WOTL:  This guy lives in the building?
Client:  Yeah.
WOTL:  Apartment number?  Floor?
Client:  Uhhhhh, 5 East.
WOTL:  5 East?  You're sure?
Client:  yeah.
WOTL:  The police said you told them 4 North first, then 3 West.
Client:  No, no, no.  It's 5 East.  I'm positive.
WOTL:  Okay, what's the guy's name?
Client:  Um, Donovan.  Donovan McNabb.
WOTL: ................ [slowly] the guy you were doing work for is... Donovan... McNabb?
Client:  [exasperated by his attorney's sheer stupidity]  I told you, he asked me to haul the trash out!  That's why I was there!
 
CHOOSE YOUR OWN ADVENTURE
Do you:
1.  Share this with on the record in an attempt to show the judge how clearly misguided and false the allegations are against your client, while trying not to giggle?
2.  Send out an investigator to immediately find this witness, assuming that there must be many, many Donovan McNabbs in the world and that the name is mere coincidence, and not a bold-faced lie?
3.  Gently suggest that perhaps community service would be the quickest way to put this case to rest?
 
And of course, if you're a public defender, the answer is:  all of the above.  Yeah, I sent my investigator out, and yeah, couldn't find Donovan McNabb, and yeah, I fought on the record for my client with mostly-feigned righteous indignation while sharing that story and yeah, no one believed it for a second and yeah, my client resolved the case with community service. 
 
Judges can get really fired up when you argue these things on the record, and then they start cross-examining you as though YOU were the one who came up with that brilliant nugget.  I love that part of my job is standing there defending this with a straight face.  Yup.  Donovan McNabb.  That's my story.  Stickin' to it.

Tuesday, June 08, 2010

politicking

I am going to start by saying: I voted third party in the last election, and will probably continue to do so as I do not feel particularly strongly affiliated with the current political parties.  So I was disgruntled before it was cool to be disgruntled.  I exude a pretty sincere form of surly, and my attitude towards politics is consistent with that.
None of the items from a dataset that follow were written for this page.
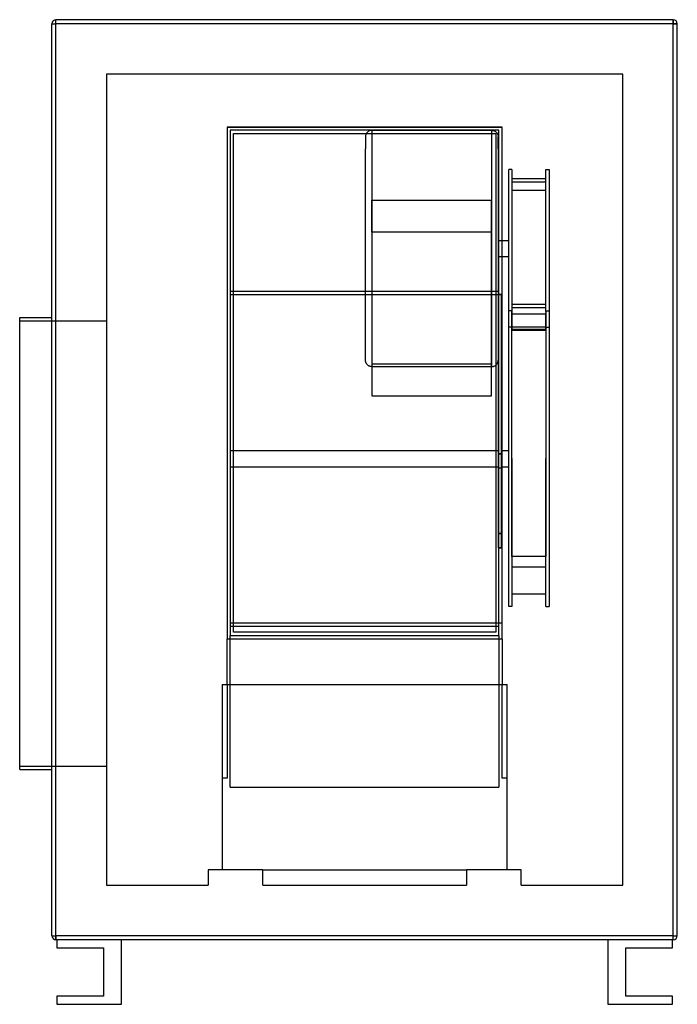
# Model space of a CAD drawing. Header units: millimetres. Extents: x -428 to 388, y -650 to 570.
import ezdxf

# ---------------------------------------------------------------- set-up
doc = ezdxf.new("R2010")
doc.units = ezdxf.units.MM
doc.layers.add('HIDDEN', color=7, linetype='Continuous')
doc.layers.add('THICK', color=7, linetype='Continuous')

msp = doc.modelspace()

# ---------------------------------------------------------------- linework, layer by layer
at = {"layer": 'HIDDEN'}
for p, q in [((-387.5, 565), (-387.5, 565)), ((-387.5, 565), (-382.5, 565)), ((-382.5, 570), (-382.5, 570)), ((-382.5, 565), (-382.5, 570)), ((382.5, 565), (-382.5, 565)), ((-382.5, -565), (-382.5, 565)), ((382.5, 565), (382.5, 570)), ((382.5, 570), (382.5, 570)), ((382.5, -565), (382.5, 565)), ((382.5, 565), (387.5, 565)), ((387.5, 565), (387.5, 565)), ((-320, 502.5), (-320, -502.5)), ((320, 502.5), (-320, 502.5)), ((-320, 502.5), (-320, 502.5)), ((320, -502.5), (320, 502.5)), ((320, 502.5), (320, 502.5)), ((-170.5, 437), (-170.5, -197)), ((-170.5, 437), (-170.5, 437)), ((170.5, 437), (-170.5, 437)), ((-170.5, 437), (170.5, 437)), ((-170.5, 437), (170.5, 437)), ((-166.5, 433), (-166.5, 433)), ((-166.5, 433), (-166.5, 433)), ((-162.5, 429), (-162.5, 429)), ((1.3, 427.2), (1.2, 426.6)), ((1.5, 427.7), (1.3, 427.2)), ((1.7, 428.3), (1.5, 427.7)), ((2, 428.8), (1.7, 428.3)), ((2.3, 429.3), (2, 428.8)), ((2.6, 429.8), (2.3, 429.3)), ((3, 430.2), (2.6, 429.8)), ((3.4, 430.6), (3, 430.2)), ((3.8, 431), (3.4, 430.6)), ((4.3, 431.4), (3.8, 431)), ((4.7, 431.7), (4.3, 431.4)), ((5.2, 432), (4.7, 431.7)), ((5.8, 432.3), (5.2, 432)), ((6.3, 432.5), (5.8, 432.3)), ((6.8, 432.7), (6.3, 432.5)), ((7.4, 432.8), (6.8, 432.7)), ((8, 432.9), (7.4, 432.8)), ((8.6, 433), (8, 432.9)), ((9.1, 433), (8.6, 433)), ((9.1, 433), (9.1, 346.3)), ((9.1, 433), (157.4, 433)), ((157.4, 433), (157.4, 346.3)), ((157.4, 433), (157.9, 433)), ((157.9, 433), (158.5, 432.9)), ((158.5, 432.9), (159.1, 432.8)), ((159.1, 432.8), (159.7, 432.7)), ((159.7, 432.7), (160.2, 432.5)), ((160.2, 432.5), (160.7, 432.3)), ((160.7, 432.3), (161.3, 432)), ((161.3, 432), (161.8, 431.7)), ((161.8, 431.7), (162.2, 431.4)), ((162.2, 431.4), (162.7, 431)), ((162.5, 429), (162.5, 429)), ((162.7, 431), (163.1, 430.6)), ((163.1, 430.6), (163.5, 430.2)), ((163.5, 430.2), (163.9, 429.8)), ((163.9, 429.8), (164.2, 429.3)), ((164.2, 429.3), (164.5, 428.8)), ((164.5, 428.8), (164.8, 428.3)), ((164.8, 428.3), (165, 427.7)), ((165, 427.7), (165.2, 427.2)), ((165.2, 427.2), (165.3, 426.6)), ((166.5, 433), (166.5, 433)), ((166.5, 433), (166.5, 433)), ((170.5, -197), (170.5, 437)), ((170.5, 437), (170.5, 437)), ((1.1, 426), (1, 425.5)), ((1, 425.5), (1, 424.9)), ((1, 424.9), (1, 409.8)), ((1.2, 426.6), (1.1, 426)), ((165.3, 426.6), (165.4, 426)), ((165.4, 426), (165.5, 425.5)), ((165.5, 425.5), (165.5, 424.9)), ((165.5, 409.8), (165.5, 424.9)), ((1, 223.7), (1, 409.8)), ((165.5, 409.8), (165.5, 229.5)), ((178.5, 242.2), (178.5, 384.2)), ((182.5, 384.2), (178.5, 384.2)), ((182.5, 384.2), (182.5, 353.5)), ((224.5, 353.5), (224.5, 384.2)), ((224.5, 384.2), (228.5, 384.2)), ((228.5, 384.2), (228.5, 242.2)), ((224.5, 372.9), (182.5, 372.9)), ((182.5, 369.1), (224.5, 369.1)), ((182.5, 358.4), (182.5, 344.6)), ((224.5, 358.4), (182.5, 358.4)), ((224.5, 344.6), (224.5, 358.4)), ((224.5, 325.8), (224.5, 354.6)), ((9.1, 353), (9.1, 140.1)), ((9.1, 306.8), (9.1, 346.3)), ((9.1, 346.3), (157.4, 346.3)), ((157.4, 353), (157.4, 140.1)), ((157.4, 306.8), (157.4, 346.3)), ((182.5, 353.5), (182.5, 208.6)), ((182.5, 353.5), (182.5, 325.8)), ((182.5, 344.6), (182.5, 242.2)), ((224.5, 208.6), (224.5, 353.5)), ((224.5, 242.2), (224.5, 344.6)), ((182.5, 325.8), (182.5, 217.6)), ((224.5, 217.6), (224.5, 325.8)), ((157.4, 306.8), (9.1, 306.8)), ((9.1, 306.8), (9.1, 103.8)), ((157.4, 103.8), (157.4, 306.8)), ((165.5, 296.5), (178.5, 296.5)), ((165.5, 276.5), (178.5, 276.5)), ((-166.5, 233.6), (-162.5, 233.6)), ((162.5, 233.6), (166.5, 233.6)), ((178.5, 209.2), (178.5, 242.2)), ((182.5, 242.2), (182.5, 206.8)), ((224.5, 209.2), (224.5, 242.2)), ((228.5, 242.2), (228.5, 206.4)), ((-166.5, 229.5), (165.5, 229.5)), ((1, 148.2), (1, 223.7)), ((165.5, 229.5), (165.5, 229.3)), ((165.5, 229.3), (169.5, 229.3)), ((165.5, 229.3), (165.5, 31.9)), ((169.5, 229.3), (165.5, 229.3)), ((169.5, 229.3), (169.5, 229.5)), ((169.5, 229.5), (170.5, 229.5)), ((169.5, 31.9), (169.5, 229.3)), ((178.5, 26.1), (178.5, 209.2)), ((182.5, 209.2), (178.5, 209.2)), ((182.5, 217.6), (224.5, 217.6)), ((182.5, 217.6), (182.5, 209.2)), ((182.5, 213.4), (224.5, 213.4)), ((182.5, 26.1), (182.5, 209.2)), ((182.5, 206.9), (182.5, 208.6)), ((224.5, 209.2), (224.5, 217.6)), ((224.5, 209.2), (224.5, 26.1)), ((224.5, 209.2), (228.5, 209.2)), ((224.5, 208.6), (224.5, 206.9)), ((228.5, 209.2), (228.5, 26.1)), ((-427.5, 197), (-320, 197)), ((182.5, 206.9), (182.5, 185.2)), ((224.5, 205.2), (182.5, 205.2)), ((224.5, 185.2), (224.5, 206.9)), ((182.5, 188.9), (178.5, 188.9)), ((182.5, 188.9), (182.5, 189.7)), ((182.5, -56.6), (182.5, 188.9)), ((224.5, 188.9), (182.5, 188.9)), ((182.5, 186.5), (224.5, 186.5)), ((182.5, 26.1), (182.5, 186.3)), ((182.5, 185.2), (224.5, 185.2)), ((224.5, 189.7), (224.5, 188.9)), ((224.5, 188.9), (224.5, -56.6)), ((224.5, 188.9), (228.5, 188.9)), ((224.5, 185.2), (224.5, 26.1)), ((1, 147.6), (1, 148.2)), ((1.1, 147), (1, 147.6)), ((1.2, 146.5), (1.1, 147)), ((1.3, 145.9), (1.2, 146.5)), ((165.2, 145.9), (165.3, 146.5)), ((165.3, 146.5), (165.4, 147)), ((165.4, 147), (165.5, 147.6)), ((165.5, 147.6), (165.5, 148.2)), ((1.5, 145.3), (1.3, 145.9)), ((1.7, 144.8), (1.5, 145.3)), ((2, 144.3), (1.7, 144.8)), ((2.3, 143.8), (2, 144.3)), ((2.6, 143.3), (2.3, 143.8)), ((3, 142.9), (2.6, 143.3)), ((3.4, 142.4), (3, 142.9)), ((3.8, 142), (3.4, 142.4)), ((4.3, 141.7), (3.8, 142)), ((4.7, 141.3), (4.3, 141.7)), ((5.2, 141), (4.7, 141.3)), ((5.8, 140.8), (5.2, 141)), ((6.3, 140.6), (5.8, 140.8)), ((6.8, 140.4), (6.3, 140.6)), ((7.4, 140.2), (6.8, 140.4)), ((8, 140.1), (7.4, 140.2)), ((8.6, 140.1), (8, 140.1)), ((9.1, 140.1), (8.6, 140.1)), ((157.4, 143.2), (9.1, 143.2)), ((9.1, 140.1), (157.4, 140.1)), ((157.4, 140.1), (157.9, 140.1)), ((157.9, 140.1), (158.5, 140.1)), ((158.5, 140.1), (159.1, 140.2)), ((159.1, 140.2), (159.7, 140.4)), ((159.7, 140.4), (160.2, 140.6)), ((160.2, 140.6), (160.7, 140.8)), ((160.7, 140.8), (161.3, 141)), ((161.3, 141), (161.8, 141.3)), ((161.8, 141.3), (162.2, 141.7)), ((162.2, 141.7), (162.7, 142)), ((162.7, 142), (163.1, 142.4)), ((163.1, 142.4), (163.5, 142.9)), ((163.5, 142.9), (163.9, 143.3)), ((163.9, 143.3), (164.2, 143.8)), ((164.2, 143.8), (164.5, 144.3)), ((164.5, 144.3), (164.8, 144.8)), ((164.8, 144.8), (165, 145.3)), ((165, 145.3), (165.2, 145.9)), ((9.1, 103.8), (157.4, 103.8)), ((-166.5, 36.1), (165.5, 36.1)), ((165.5, 31.9), (169.5, 31.9)), ((169.5, 31.9), (165.5, 31.9)), ((165.5, 31.9), (165.5, -66.8)), ((169.5, 36.1), (178.5, 36.1)), ((169.5, -66.8), (169.5, 31.9)), ((178.5, -157), (178.5, 26.1)), ((182.5, -95.3), (182.5, 26.1)), ((182.5, 26.1), (182.5, -157)), ((224.5, 26.1), (224.5, -95.3)), ((224.5, -157), (224.5, 26.1)), ((228.5, 26.1), (228.5, -157)), ((-166.5, 16.1), (165.5, 16.1)), ((165.5, 14.6), (169.5, 14.6)), ((169.5, 16.1), (178.5, 16.1)), ((182.5, -68.6), (182.5, -56.6)), ((224.5, -56.6), (224.5, -68.6)), ((165.5, -66.8), (169.5, -66.8)), ((169.5, -66.8), (165.5, -66.8)), ((165.5, -66.8), (165.5, -84.2)), ((169.5, -84.2), (169.5, -66.8)), ((169.5, -84.2), (165.5, -84.2)), ((165.5, -84.2), (169.5, -84.2)), ((224.5, -95.3), (182.5, -95.3)), ((182.5, -107.9), (224.5, -107.9)), ((224.5, -141.7), (182.5, -141.7)), ((182.5, -157), (178.5, -157)), ((224.5, -157), (228.5, -157)), ((-166.5, -177.4), (170.5, -177.4)), ((-166.5, -181.4), (-162.5, -181.4)), ((162.5, -181.4), (166.5, -181.4)), ((-166.5, -380.8), (-166.5, -193)), ((-166.5, -193), (-166.5, -193)), ((-166.5, -193), (-166.5, -193)), ((-162.5, -189), (-162.5, -189)), ((162.5, -189), (162.5, -189)), ((166.5, -193), (166.5, -380.8)), ((166.5, -193), (166.5, -193)), ((166.5, -193), (166.5, -193)), ((-170.5, -253.8), (-170.5, -197)), ((-170.5, -197), (-170.5, -197)), ((-170.5, -197), (170.5, -197)), ((170.5, -197), (170.5, -253.8)), ((170.5, -197), (170.5, -197)), ((-176.5, -253.8), (-176.5, -253.8)), ((-176.5, -253.8), (-176.5, -253.8)), ((-176.5, -253.8), (176.5, -253.8)), ((-176.5, -253.8), (-176.5, -483.5)), ((-170.5, -253.8), (-170.5, -253.8)), ((-170.5, -253.8), (-170.5, -253.8)), ((-170.5, -253.8), (-170.5, -369.8)), ((170.5, -253.8), (170.5, -253.8)), ((170.5, -369.8), (170.5, -253.8)), ((170.5, -253.8), (170.5, -253.8)), ((176.5, -253.8), (176.5, -253.8)), ((176.5, -253.8), (176.5, -253.8)), ((176.5, -483.5), (176.5, -253.8)), ((-427.5, -355), (-320, -355)), ((-170.5, -369.8), (-176.5, -369.8)), ((176.5, -369.8), (170.5, -369.8)), ((-166.5, -380.8), (166.5, -380.8)), ((-193.8, -483.5), (-193.8, -483.5)), ((-126.2, -483.5), (-193.8, -483.5)), ((-193.8, -483.5), (-193.8, -502.5)), ((-176.5, -483.5), (-176.5, -483.5)), ((-126.2, -483.5), (126.2, -483.5)), ((-126.2, -483.5), (-126.2, -483.5)), ((-126.2, -483.5), (-126.2, -483.5)), ((-126.2, -483.5), (-126.2, -483.5)), ((-126.2, -502.5), (-126.2, -483.5)), ((126.2, -483.5), (126.2, -483.5)), ((193.8, -483.5), (126.2, -483.5)), ((126.2, -483.5), (126.2, -502.5)), ((126.2, -483.5), (126.2, -483.5)), ((126.2, -483.5), (126.2, -483.5)), ((176.5, -483.5), (176.5, -483.5)), ((193.8, -502.5), (193.8, -483.5)), ((193.8, -483.5), (193.8, -483.5)), ((-320, -502.5), (-193.8, -502.5)), ((-320, -502.5), (-320, -502.5)), ((-193.8, -502.5), (-193.8, -502.5)), ((-126.2, -502.5), (-126.2, -502.5)), ((-126.2, -502.5), (126.2, -502.5)), ((126.2, -502.5), (126.2, -502.5)), ((193.8, -502.5), (320, -502.5)), ((193.8, -502.5), (193.8, -502.5)), ((320, -502.5), (320, -502.5)), ((-387.5, -565), (-382.5, -565)), ((-387.5, -565), (-387.5, -565)), ((382.5, -565), (-382.5, -565)), ((-382.5, -570), (-382.5, -565)), ((-382.5, -570), (-382.5, -570)), ((-381.5, -570), (-381.5, -570)), ((-381.5, -570), (-381.5, -570)), ((-381.5, -570), (-381.5, -570)), ((-301.5, -570), (-301.5, -570)), ((-301.5, -570), (-301.5, -570)), ((-301.5, -570), (-301.5, -570)), ((301.5, -570), (301.5, -570)), ((301.5, -570), (301.5, -570)), ((301.5, -570), (301.5, -570)), ((381.5, -570), (381.5, -570)), ((381.5, -570), (381.5, -570)), ((381.5, -570), (381.5, -570)), ((382.5, -570), (382.5, -565)), ((382.5, -565), (387.5, -565)), ((382.5, -570), (382.5, -570)), ((387.5, -565), (387.5, -565)), ((-381.5, -580), (-381.5, -580)), ((-323.5, -580), (-323.5, -580)), ((323.5, -580), (323.5, -580)), ((381.5, -580), (381.5, -580)), ((-381.5, -640), (-381.5, -640)), ((-323.5, -640), (-323.5, -640)), ((323.5, -640), (323.5, -640)), ((381.5, -640), (381.5, -640)), ((-381.5, -650), (-381.5, -650)), ((-301.5, -650), (-301.5, -650)), ((301.5, -650), (301.5, -650)), ((381.5, -650), (381.5, -650))]:
    msp.add_line(p, q, dxfattribs=at)
at = {"layer": 'THICK'}
for p, q in [((-387.5, 565), (-382.5, 565)), ((-387.5, -565), (-387.5, 565)), ((-382.5, 565), (-382.5, 570)), ((382.5, 570), (-382.5, 570)), ((382.5, 565), (-382.5, 565)), ((-382.5, -565), (-382.5, 565)), ((382.5, 570), (382.5, 565)), ((387.5, 565), (382.5, 565)), ((382.5, -565), (382.5, 565)), ((387.5, -565), (387.5, 565)), ((-166.5, 433), (-166.5, -193)), ((166.5, 433), (-166.5, 433)), ((-162.5, 429), (162.5, 429)), ((-162.5, -189), (-162.5, 429)), ((162.5, 429), (162.5, -189)), ((166.5, -193), (166.5, 433)), ((-162.5, 233.6), (162.5, 233.6)), ((-427.5, -79), (-427.5, 201)), ((-427.5, 201), (-387.5, 201)), ((-427.5, -359), (-427.5, -79)), ((-162.5, -181.4), (162.5, -181.4)), ((-166.5, -193), (166.5, -193)), ((162.5, -189), (-162.5, -189)), ((-427.5, -359), (-387.5, -359)), ((-387.5, -565), (-382.5, -565)), ((382.5, -565), (-382.5, -565)), ((-382.5, -565), (-382.5, -570)), ((-381.5, -570), (-382.5, -570)), ((-381.5, -570), (-381.5, -580)), ((-301.5, -570), (-381.5, -570)), ((-301.5, -650), (-301.5, -570)), ((301.5, -570), (-301.5, -570)), ((301.5, -570), (301.5, -650)), ((381.5, -570), (301.5, -570)), ((382.5, -570), (381.5, -570)), ((381.5, -580), (381.5, -570)), ((382.5, -570), (382.5, -565)), ((382.5, -565), (387.5, -565)), ((-381.5, -580), (-323.5, -580)), ((-323.5, -580), (-323.5, -640)), ((323.5, -580), (381.5, -580)), ((323.5, -640), (323.5, -580)), ((-323.5, -640), (-381.5, -640)), ((-381.5, -640), (-381.5, -650)), ((381.5, -640), (323.5, -640)), ((381.5, -650), (381.5, -640)), ((-381.5, -650), (-301.5, -650)), ((301.5, -650), (381.5, -650))]:
    msp.add_line(p, q, dxfattribs=at)
for centre, start, end in [((-382.5, 565), 90, 180), ((382.5, 565), 0, 90), ((-382.5, -565), 180, 270), ((382.5, -565), 270, 0)]:
    msp.add_arc(centre, 5, start, end, dxfattribs=at)

doc.saveas('drawing.dxf')

Now you know.  And now I opine the following:

Obama is not a socialist.  And unless I'm missing a huge piece of this legislation wherein the government announced it is taking my paycheck and instead paying me in labor credits, the health care bill is not an indication of socialism.  At least, it's not any more socialist than TANF or Social Security or Medicare.  I feel compelled to announce my opinion on this matter because I recently had a conversation with young, very smart, incredibly well-educated people who announced that Obama is a socialist, and gave the health care bill as an example.  I thought this was an accusation lobbed mostly by sensationalist political media folks, because that's what they do.  But when I discovered that people I regard as smart, good people were saying such things, well, it somehow validated this as an opinion that real people hold, and I felt compelled to respond, because I have an opinion too. 

Stating that someone is a socialist puts a label on a person that just makes everything categorically BAD, therefore making it impossible to argue any actual merit.  I wonder how we came to accept such firmly entrenched notions that socialism and communism are bad.  You cannot be a government employee if you are a Communist.  CANNOT.  PROHIBITED.  I am neither a socialist nor a communist; I have pretty strong libertarian leanings - but I balk at the categorization of other people's political beliefs as being "bad" or "prohibited."  So by labeling this bill, or the President's support for it, as a "socialist" act, all that gets us is a label that it is "bad," without ever getting to what about the bill makes it bad.  Or socialist.  If the health care bill nationalized health care, in the sense that all medical providers were now declared government employees, and all hospitals became federally owned, etc... well that sounds like socialism, at least as I understand socialism. 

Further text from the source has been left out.